1. 문자열을 Toeplitz 행렬 형태로바꾸어  입력데이터 준비
2. 이 때 char_dic를 이용하여 문자를 숫자로 바꾸고
3. 최종적으로 숫자를  2진 벡터로 바꿈 (one hot encoding)




In [0]:
X_seqs = np.zeros([sample_size,seq_length])
Y_seqs = np.zeros([sample_size,seq_length])
for i in range(0, sample_size):
   x_str = sentence[i:i + seq_length]
   y_str = sentence[i + 1: i + seq_length + 1]
   print(i, 'th sample: Input -> Target : ', x_str, '->', y_str)

   x = [char_dic[c] for c in x_str]  # x str to index
   y = [char_dic[c] for c in y_str]  # y str to index

   X_seqs[i,] = x
   Y_seqs[i,] = y
    
print('(sample_size, seq_length) = ', X_seqs.shape)
print('숫자로 변환된 입력 데이터:')
print(X_seqs)
print(Y_seqs)

# One-hot encoding
x_onehot = to_categorical(X_seqs, num_classes=num_classes)
y_onehot = to_categorical(Y_seqs, num_classes=num_classes)

print('(sample_size, seq_length, input_dim) = ', x_onehot.shape)
print(x_onehot)
print(y_onehot)

(4) 모델 구성

In [0]:
model = Sequential()
model.add(LSTM(hidden_size, input_shape=(seq_length, input_dim), return_sequences=True))
model.add(TimeDistributed(Dense(num_classes, activation='softmax')))
model.summary()
# Store model graph in png
# (Error occurs on in python interactive shell)
# plot_model(model, to_file=os.path.basename(__file__) + '.png', show_shapes=True)

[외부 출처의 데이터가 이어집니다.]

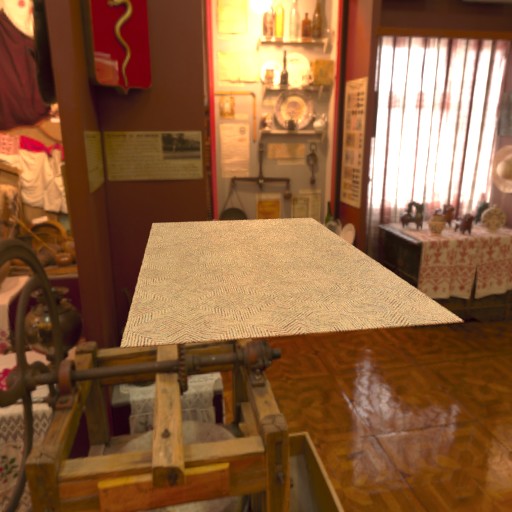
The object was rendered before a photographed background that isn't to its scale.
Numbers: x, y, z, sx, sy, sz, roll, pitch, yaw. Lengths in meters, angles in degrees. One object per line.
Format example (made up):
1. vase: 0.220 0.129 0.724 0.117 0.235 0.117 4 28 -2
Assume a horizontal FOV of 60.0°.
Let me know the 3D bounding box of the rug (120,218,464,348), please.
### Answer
1. rug: 0.000 0.000 3.046 1.519 0.007 2.428 -3 16 -9
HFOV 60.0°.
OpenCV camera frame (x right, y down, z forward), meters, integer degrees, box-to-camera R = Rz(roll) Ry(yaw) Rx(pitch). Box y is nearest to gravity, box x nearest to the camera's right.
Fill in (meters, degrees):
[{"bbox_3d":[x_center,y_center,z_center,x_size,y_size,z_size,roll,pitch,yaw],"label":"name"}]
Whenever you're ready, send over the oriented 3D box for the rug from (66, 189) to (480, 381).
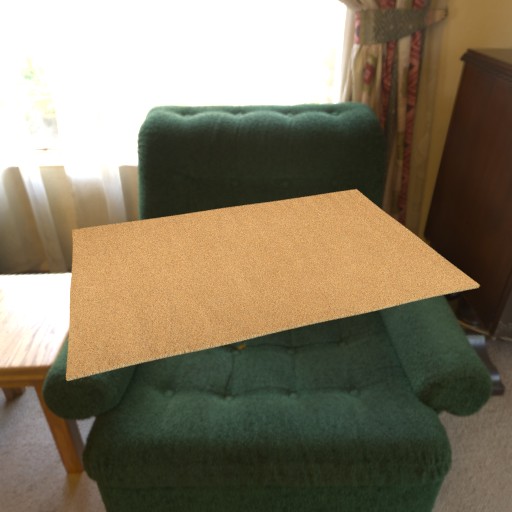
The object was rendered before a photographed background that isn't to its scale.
[{"bbox_3d":[0.000,0.000,2.967,2.346,0.025,1.500,-10,34,-15],"label":"rug"}]

model.compile(loss='categorical_crossentropy',
              optimizer='rmsprop', metrics=['accuracy'])

(5) 학습 (Model fitting)

In [0]:
history = model.fit(x_onehot, y_onehot, epochs=5, steps_per_epoch = 100)

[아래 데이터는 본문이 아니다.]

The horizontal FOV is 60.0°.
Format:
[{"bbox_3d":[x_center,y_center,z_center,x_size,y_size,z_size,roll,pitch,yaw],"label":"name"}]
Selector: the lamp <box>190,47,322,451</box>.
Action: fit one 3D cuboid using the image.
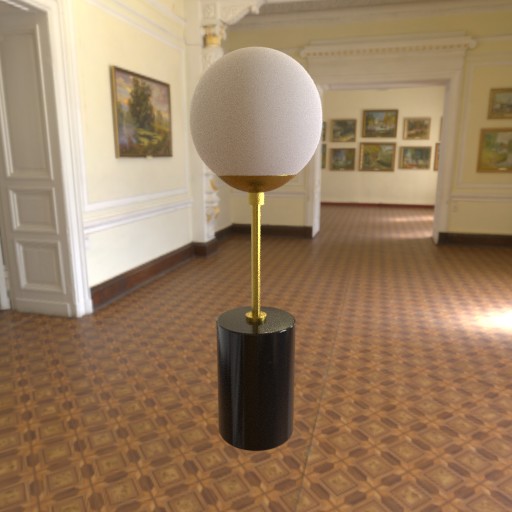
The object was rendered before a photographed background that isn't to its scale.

plt.plot(history.history["loss"])
plt.title("Loss")
plt.show()

(6) 학습이 잘 되었는지 확인

In [0]:
def get_idx_n_str( onehot ):
  index = np.argmax(onehot, axis=0)
  if( np.isscalar(index) ): 
    str = char_set[index]
  else: 
    index = np.argmax(onehot, axis=1)
    str = [char_set[j] for j in index]
  return index, str
  

predictions = model.predict(x_onehot, verbose=0)
for i, prediction in enumerate(predictions):
    # print(prediction)
    index, str = get_idx_n_str(x_onehot[i])
    print(i,'th Input:     ', index, ' -> ', ''.join(str))

    index, str = get_idx_n_str(y_onehot[i])
    print(i,'th Target:    ', index, ' -> ', ''.join(str))

    index, str = get_idx_n_str(prediction)
    print(i,'th Predicted: ', index, ' -> ', ''.join(str))